For the large(r) dataset:
```{r eval=EVAL}
i = read_stars(s2, proxy = TRUE, NA_value = 0) %>%
split()
sam = st_sample(i, 1000)
k = kmeans(na.omit(as.data.frame(sam)[, -c(1:2)]), nclus)
out = predict(i, k)
plot(out, col = sf.colors(nclus, categorical=TRUE), reset = FALSE)
plot(m, add = TRUE)
```
we see that class 1 and 3 identify with the unclouded area, 3 with land, the other classes seem to mainly catch aspects of the cloud signal.
## Supervised learners
### Random Forest land use classification
The following example is purely for educational purposes; the classified "land use" is just a rough approximation from what seems to be easily visible on the image: sea, land, and areas with both but partially covered by clouds.
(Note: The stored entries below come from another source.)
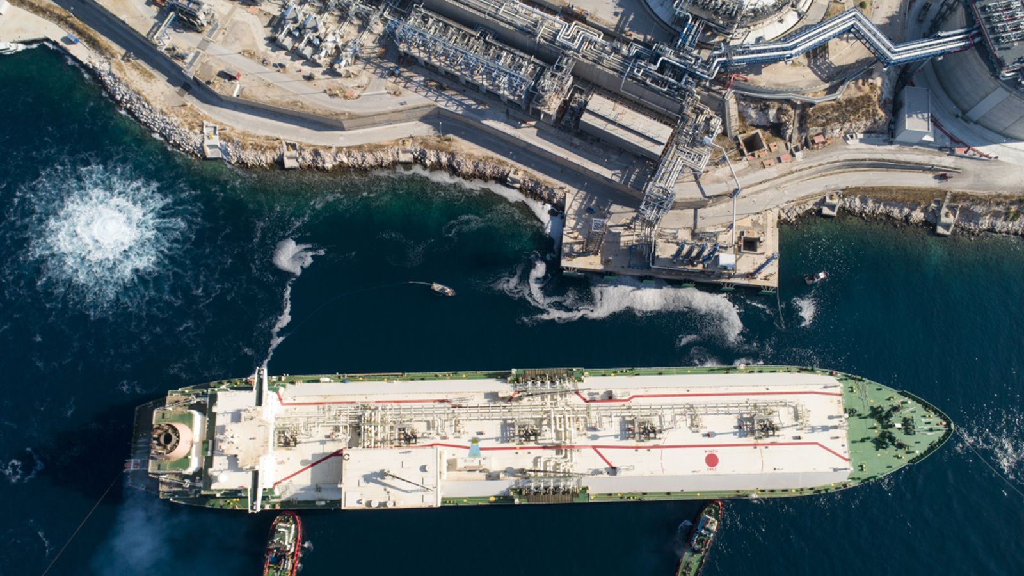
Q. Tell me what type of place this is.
port
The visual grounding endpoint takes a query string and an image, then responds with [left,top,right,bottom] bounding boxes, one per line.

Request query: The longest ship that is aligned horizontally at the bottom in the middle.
[123,363,957,513]
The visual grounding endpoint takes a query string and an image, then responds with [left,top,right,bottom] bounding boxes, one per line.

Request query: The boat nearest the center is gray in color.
[410,281,456,296]
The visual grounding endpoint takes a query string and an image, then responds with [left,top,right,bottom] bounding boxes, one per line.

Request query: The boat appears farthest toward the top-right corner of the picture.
[803,271,828,285]
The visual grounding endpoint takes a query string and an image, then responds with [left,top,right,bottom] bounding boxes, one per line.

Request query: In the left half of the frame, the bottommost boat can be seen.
[259,511,303,576]
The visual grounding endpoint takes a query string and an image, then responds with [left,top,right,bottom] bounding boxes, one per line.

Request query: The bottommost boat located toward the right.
[671,500,726,576]
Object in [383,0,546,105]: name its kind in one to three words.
building
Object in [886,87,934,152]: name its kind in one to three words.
building
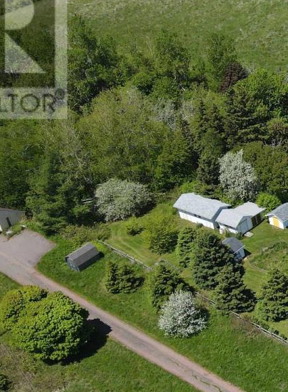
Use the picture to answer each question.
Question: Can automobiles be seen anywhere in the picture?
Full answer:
No, there is no automobile in the image.
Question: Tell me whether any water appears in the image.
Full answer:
No, no water is visible.
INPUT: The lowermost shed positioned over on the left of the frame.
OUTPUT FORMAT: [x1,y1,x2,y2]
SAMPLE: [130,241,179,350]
[64,242,108,272]
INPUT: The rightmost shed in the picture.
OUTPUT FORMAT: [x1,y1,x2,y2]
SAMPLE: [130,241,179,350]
[264,204,288,229]
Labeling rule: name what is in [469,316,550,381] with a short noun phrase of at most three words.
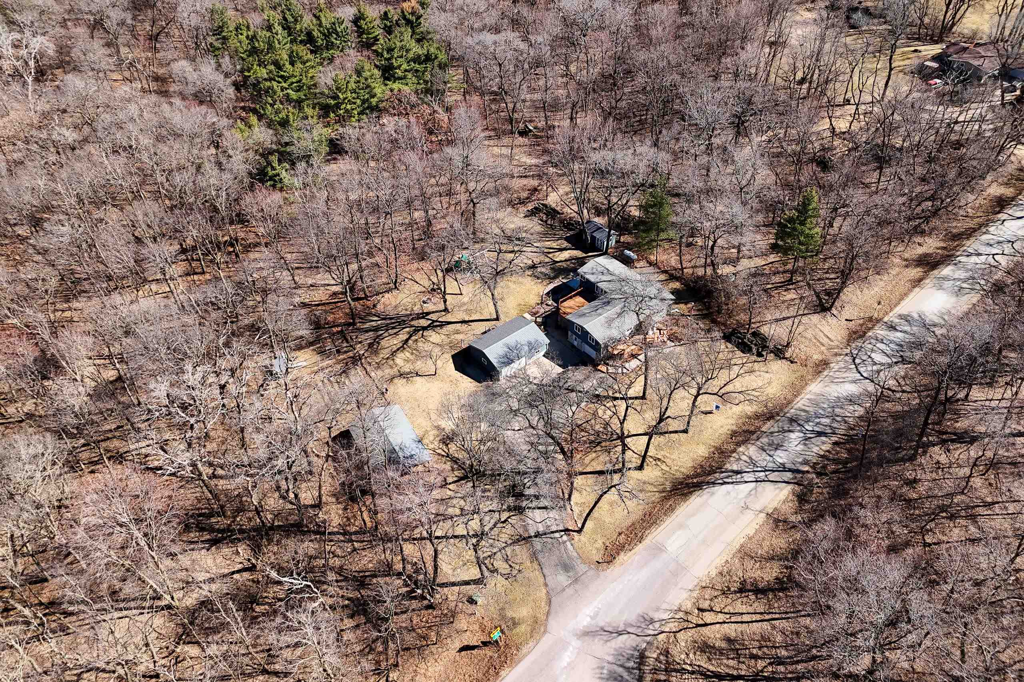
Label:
building
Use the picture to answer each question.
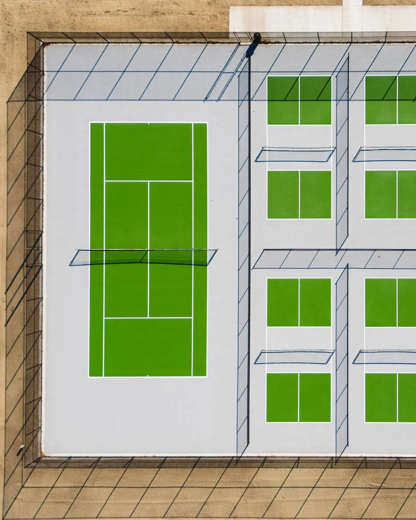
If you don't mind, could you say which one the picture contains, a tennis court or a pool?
tennis court
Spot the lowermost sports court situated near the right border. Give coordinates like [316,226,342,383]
[365,278,416,423]
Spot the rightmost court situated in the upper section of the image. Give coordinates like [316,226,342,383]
[365,75,416,218]
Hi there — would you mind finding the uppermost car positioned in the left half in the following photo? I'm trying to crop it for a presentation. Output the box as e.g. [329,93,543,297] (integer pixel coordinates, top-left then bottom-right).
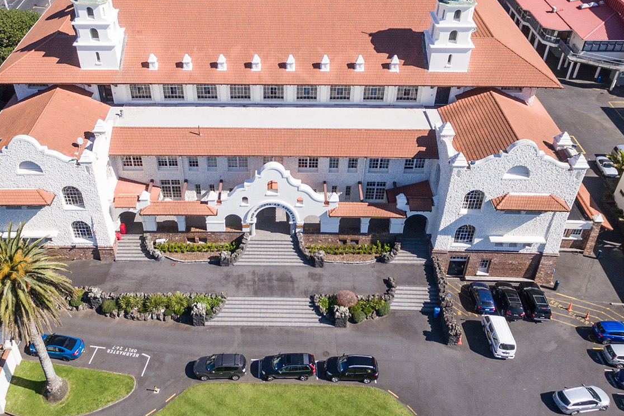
[36,334,83,366]
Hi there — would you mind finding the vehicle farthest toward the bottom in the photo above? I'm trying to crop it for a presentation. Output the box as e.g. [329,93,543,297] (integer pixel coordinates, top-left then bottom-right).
[557,384,614,416]
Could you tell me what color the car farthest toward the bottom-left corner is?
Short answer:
blue

We opted therefore for four classes: sea, land, clouds over sea, clouds over land.
We have polygon areas where the land use was classified, residing in a GeoPackage file. (This file was created using QGIS, using the instructions found [here](https://www.qgistutorials.com/en/docs/digitizing_basics.html).)
```{r eval=EVAL}
# for all, multi-resolution, use:
bands = c("B04", "B03", "B02", "B08", "B01", "B05", "B06", "B07", "B8A", "B09", "B10", "B11", "B12")
# bands = c("B04", "B03", "B02", "B08")
s2 = paste0("/vsizip/", granule,
"/S2A_MSIL1C_20180220T105051_N0206_R051_T32ULE_20180221T134037.SAFE/GRANULE/L1C_T32ULE_A013919_20180220T105539/IMG_DATA/T32ULE_20180220T105051_", bands, ".jp2")
r = read_stars(s2, proxy = TRUE, NA_value = 0) %>%
setNames(bands)
cl = read_sf(system.file("gpkg/s2.gpkg", package = "stars")) %>%
st_transform(st_crs(r))
plot(r, reset = FALSE)
plot(cl, add = TRUE)
plot(m, add = TRUE, border = 'orange')
```
Next, we need points, sampled inside these polygons, for which we need to extract the satellite spectral data
```{r eval=EVAL}
pts = st_sample(cl, 1000, "regular") %>%
st_as_sf() %>%
st_intersection(cl)
train = st_extract(r, pts)
train$use = as.factor(pts$use) # no need for join, since the order did not change
train
```
```{r eval=EVAL}
library(randomForest)
train = as.data.frame(train)
train$x = NULL # remove geometry
rf = randomForest(use ~ ., train) # ~ . : use all other attributes
pr = predict(r, rf)
plot(pr, key.width = lcm(5), reset = FALSE, key.pos = 4)
# add country outline:
plot(m, add = TRUE)
```
This comes with the rather trivial finding that land and sea can be well predicted when there are no clouds, and the less trivial finding that they can be reasonably distinguished through patchy clouds of this kind. Note that predictions of this kind are pure pixel-based: for each prediction only the spectral bands for this pixel are considered, not for instance of any neighboring pixels.